Would you please transcribe, exactly as written, the lines of the entries below starting at the one that holds "Label each object" and ending at the one that holds "Output: a Markdown", both included?

▶ _SUPPLIED RECORDS_
--- START ---

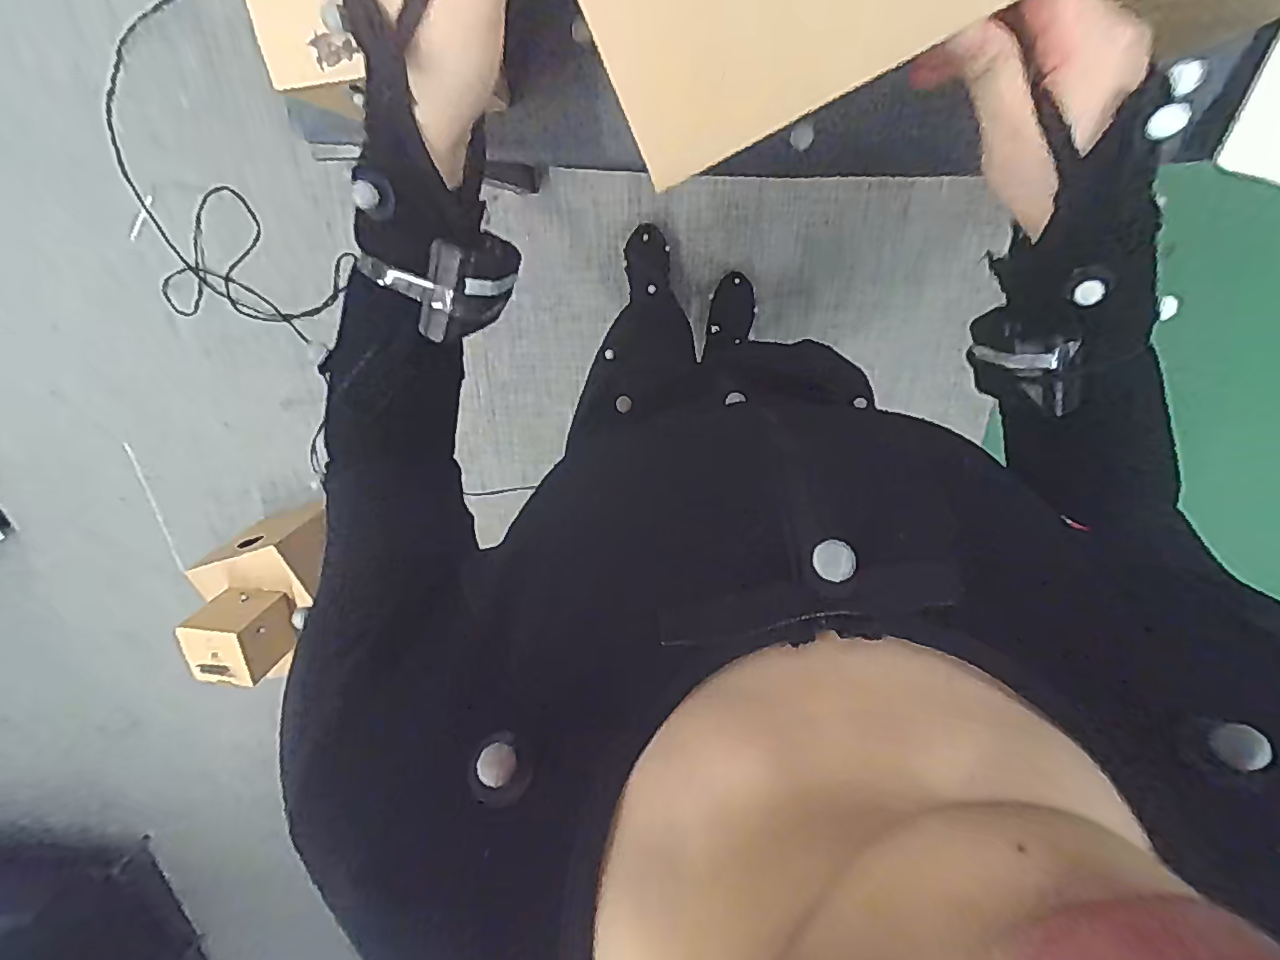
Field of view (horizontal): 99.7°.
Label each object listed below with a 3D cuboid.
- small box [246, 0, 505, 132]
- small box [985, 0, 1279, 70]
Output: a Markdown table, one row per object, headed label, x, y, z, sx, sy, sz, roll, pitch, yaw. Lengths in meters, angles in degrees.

--- END ---
--- START ---

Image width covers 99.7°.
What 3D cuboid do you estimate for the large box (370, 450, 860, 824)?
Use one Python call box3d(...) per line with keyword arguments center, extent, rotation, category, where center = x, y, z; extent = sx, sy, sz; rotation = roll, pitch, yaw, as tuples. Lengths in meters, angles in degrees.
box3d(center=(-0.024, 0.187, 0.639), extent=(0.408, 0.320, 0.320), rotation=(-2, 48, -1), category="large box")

--- END ---
--- START ---

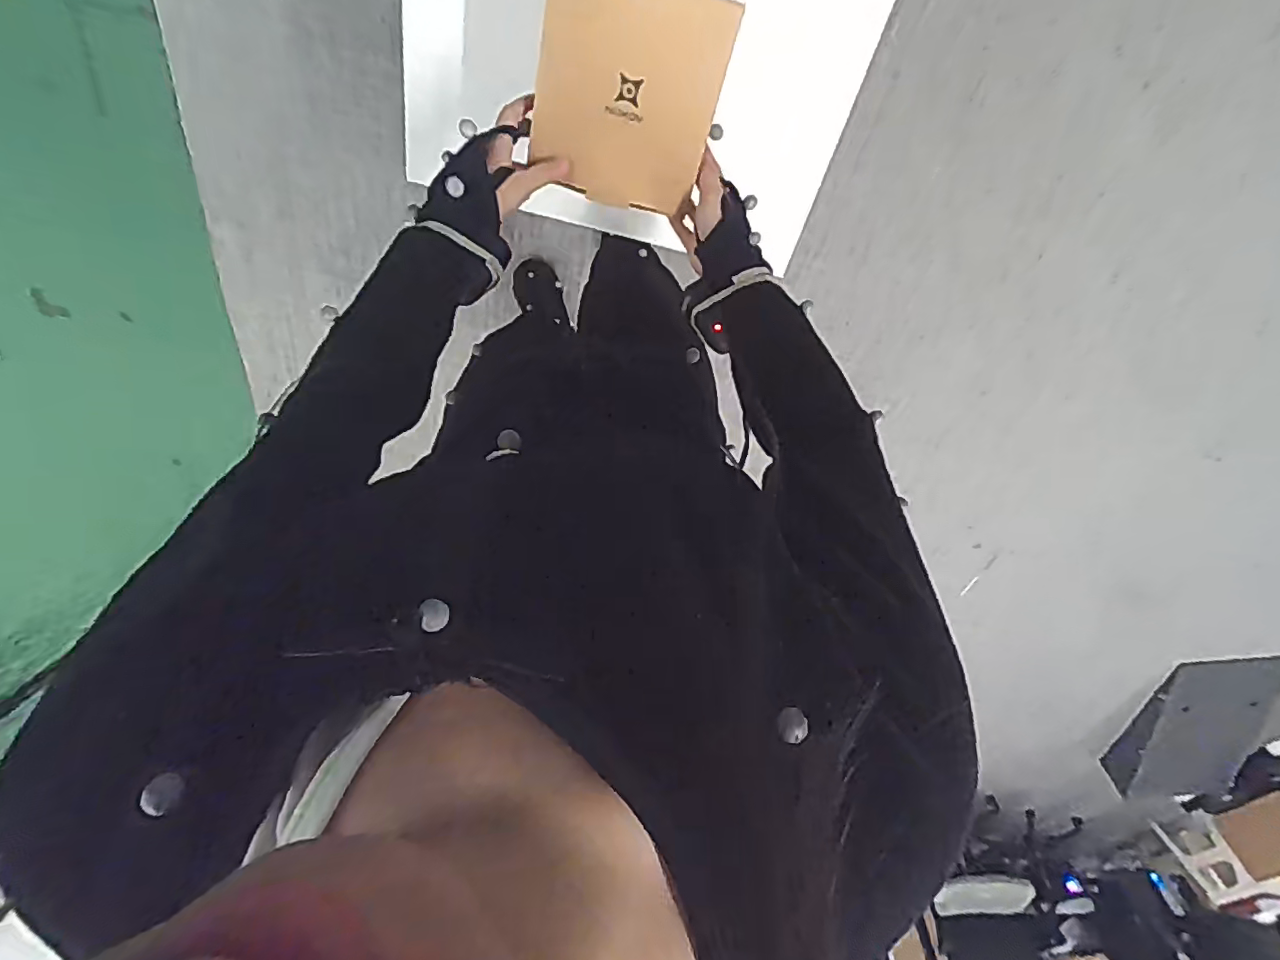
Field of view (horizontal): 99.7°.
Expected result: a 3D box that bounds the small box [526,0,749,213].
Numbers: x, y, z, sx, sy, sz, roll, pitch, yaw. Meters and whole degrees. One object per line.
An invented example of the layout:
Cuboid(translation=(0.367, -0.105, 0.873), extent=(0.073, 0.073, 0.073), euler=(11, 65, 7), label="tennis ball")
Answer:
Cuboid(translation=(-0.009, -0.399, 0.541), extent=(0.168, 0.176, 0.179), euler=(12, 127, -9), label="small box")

--- END ---

▶ _SOLUTION BELOW_
Label each object listed below with a 3D cuboid.
- small box [246, 0, 505, 132]
- small box [985, 0, 1279, 70]
Output: a Markdown table, one row per object, headed label, x, y, z, sx, sy, sz, roll, pitch, yaw. Lengths in meters, angles in degrees.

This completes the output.